Recomendações Práticas para os Clinicans

  1. Realizar uma avaliação estruturada do risco de fratura utilizando FRAX e fatores de risco clínicos antes de iniciar uma TZD. Documentar a discussão risco-benefício no prontuário.
  2. Ordem DXA para todas as mulheres com ≥50 anos e homens com ≥60 anos, e para qualquer doente com factores de risco adicionais (fractura prévia, uso de glicocorticóides, baixo peso corporal, história familiar de fractura da anca).
  3. Limitar a duração da TZD ao menor período necessário para atingir metas glicêmicas. Objetivo para ≤12 meses de terapia quando possível, especialmente em pacientes de alto risco.
  4. Conselheiros explicitamente sobre o risco aumentado de fratura. Incentive-os a relatar quedas, fraturas e qualquer nova dor óssea. Forneça materiais educacionais escritos.
  5. Monitorização da saúde óssea anualmente: repetir DXA se anormal ou se outros fatores de risco se desenvolverem; verificar o estado de vitamina D e cálcio; suplemento conforme necessário.
  6. Prioritizar prevenção de quedas com prescrições de exercício, reconciliação medicamentosa e avaliações de segurança domiciliar.
  7. Desprescrever prontamente se ocorrer uma fratura de fragilidade ou se a DMO diminuir substancialmente. Mude para um agente alternativo com melhor segurança esquelética.
  8. Consulte um especialista (endocrinologista, especialista em saúde óssea) para doentes com osteoporose estabelecida ou que necessitem de terapêutica continuada com TZD com tratamento antirresortivo concomitante.
  9. Mantenha-se atualizado com evidências em evolução. O FDA continua atualizando a rotulagem para TZDs (FDA TZD changeing changeing).

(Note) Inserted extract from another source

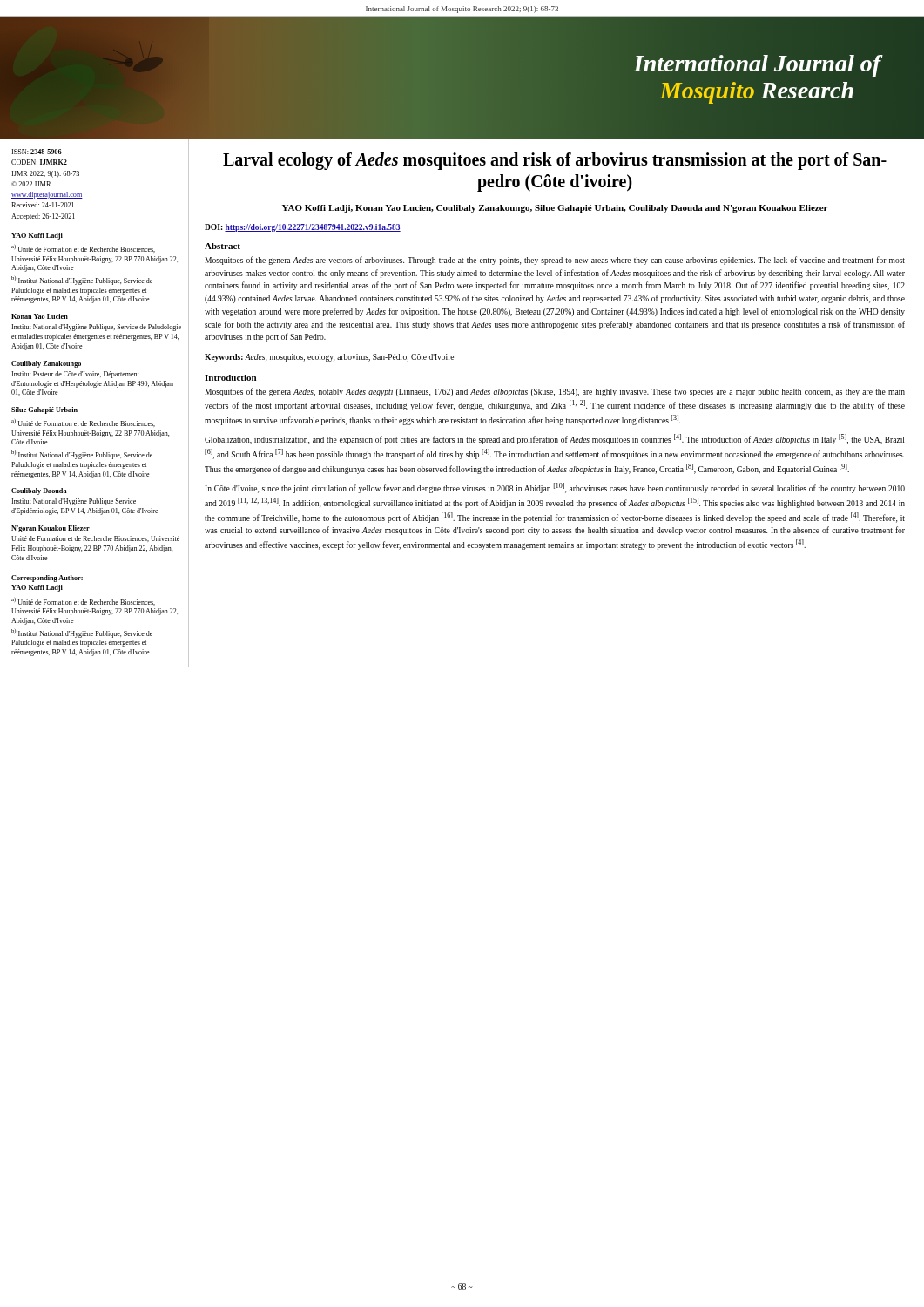Screen dimensions: 1307x924
Task: Click on the text block that says "ISSN: 2348-5906 CODEN: IJMRK2"
Action: [47, 184]
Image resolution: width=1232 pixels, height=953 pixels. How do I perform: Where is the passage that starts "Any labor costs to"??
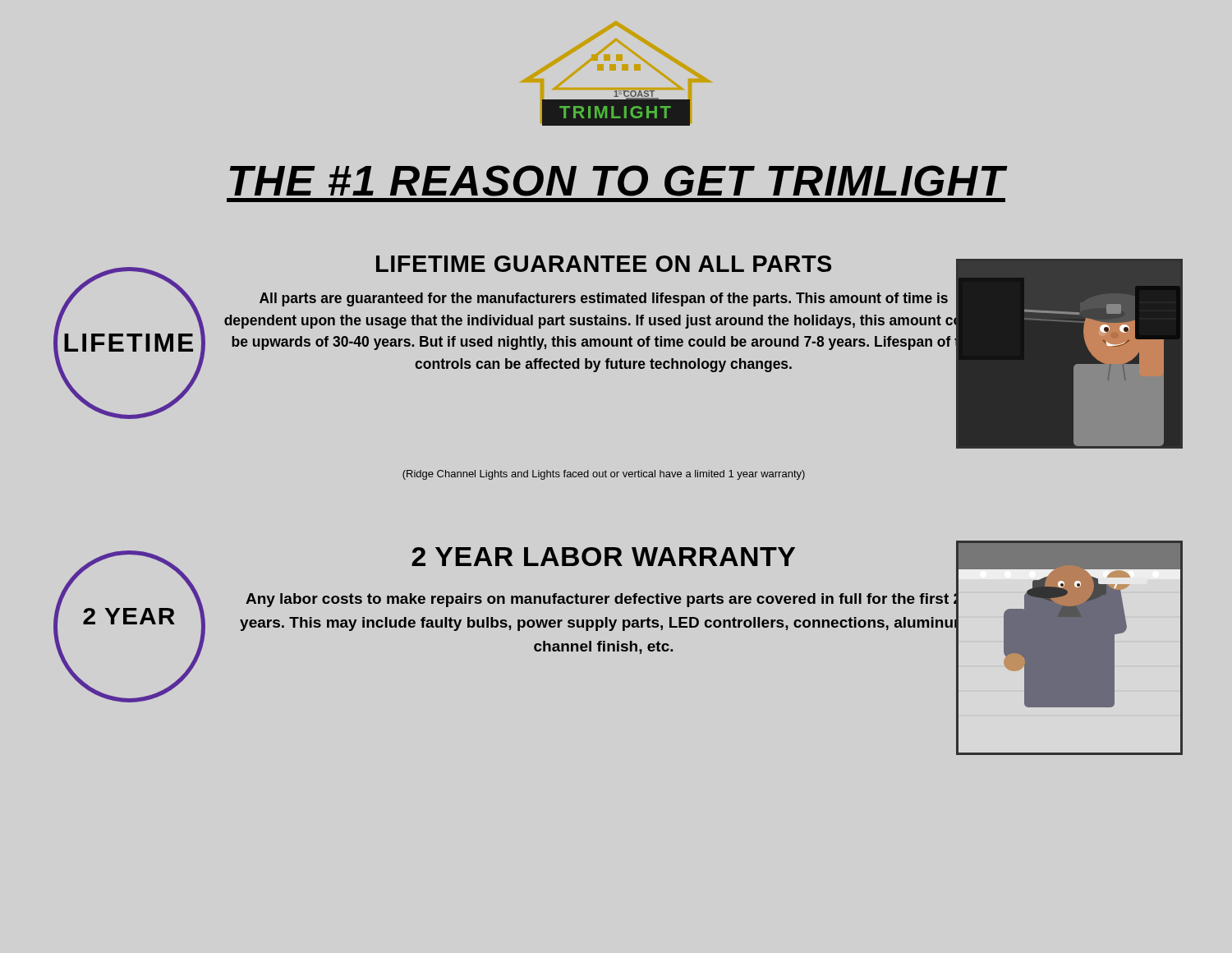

Pesquisa emergente e orientações futuras

Estudos recentes estão explorando se certos análogos de TZD ou moduladores seletivos de PPAR-γ podem reter benefícios glicêmicos sem a toxicidade óssea. Por exemplo, a balaglitazona e outros agonistas parciais têm mostrado menor efeito adipogênico em modelos pré-clínicos. São necessários ensaios clínicos para determinar se esses agentes podem divorciar a eficácia metabólica de danos esqueléticos. Além disso, pesquisas sobre o papel do PPAR-γ na mecanosessagem de osteócitos podem levar a co-terapias que protegem o osso enquanto permitem o uso de TZD. Entretanto, a abordagem mais segura permanece para usar TZDs apenas em pacientes com baixo risco de fratura e monitorar diligentemente a saúde óssea.

Conclusão

As tiazolidinedionas continuam a ser uma classe farmacologicamente distinta que pode melhorar eficazmente a sensibilidade à insulina e o controlo glicêmico no diabetes tipo 2. Contudo, a elevação bem estabelecida do risco de fractura — impulsionada pela supressão mediada pelo PPAR-γ da formação óssea, aumento da reabsorção óssea e perda acelerada da DMO — exige uma selecção cuidadosa dos doentes e monitorização sistemática. As mulheres (especialmente pós-menopausa), os idosos e as pessoas com défices ósseos preexistentes enfrentam o maior perigo. Com um rico arsenal de medicamentos alternativos para diabetes disponíveis, a maioria dos quais têm efeitos esqueléticos neutros ou benéficos — as DTZs devem ser reservadas para doentes cuidadosamente escolhidos, nos quais os benefícios glicêmicos ultrapassam claramente os riscos esqueléticos e, mesmo depois, são utilizadas na dose mais baixa eficaz para o menor tempo necessário. Ao integrar a saúde óssea nos cuidados de rotina com diabetes, os clínicos podem reduzir a carga de fracturas de fragilidade e melhorar os resultados globais para os doentes com diabetes tipo 2.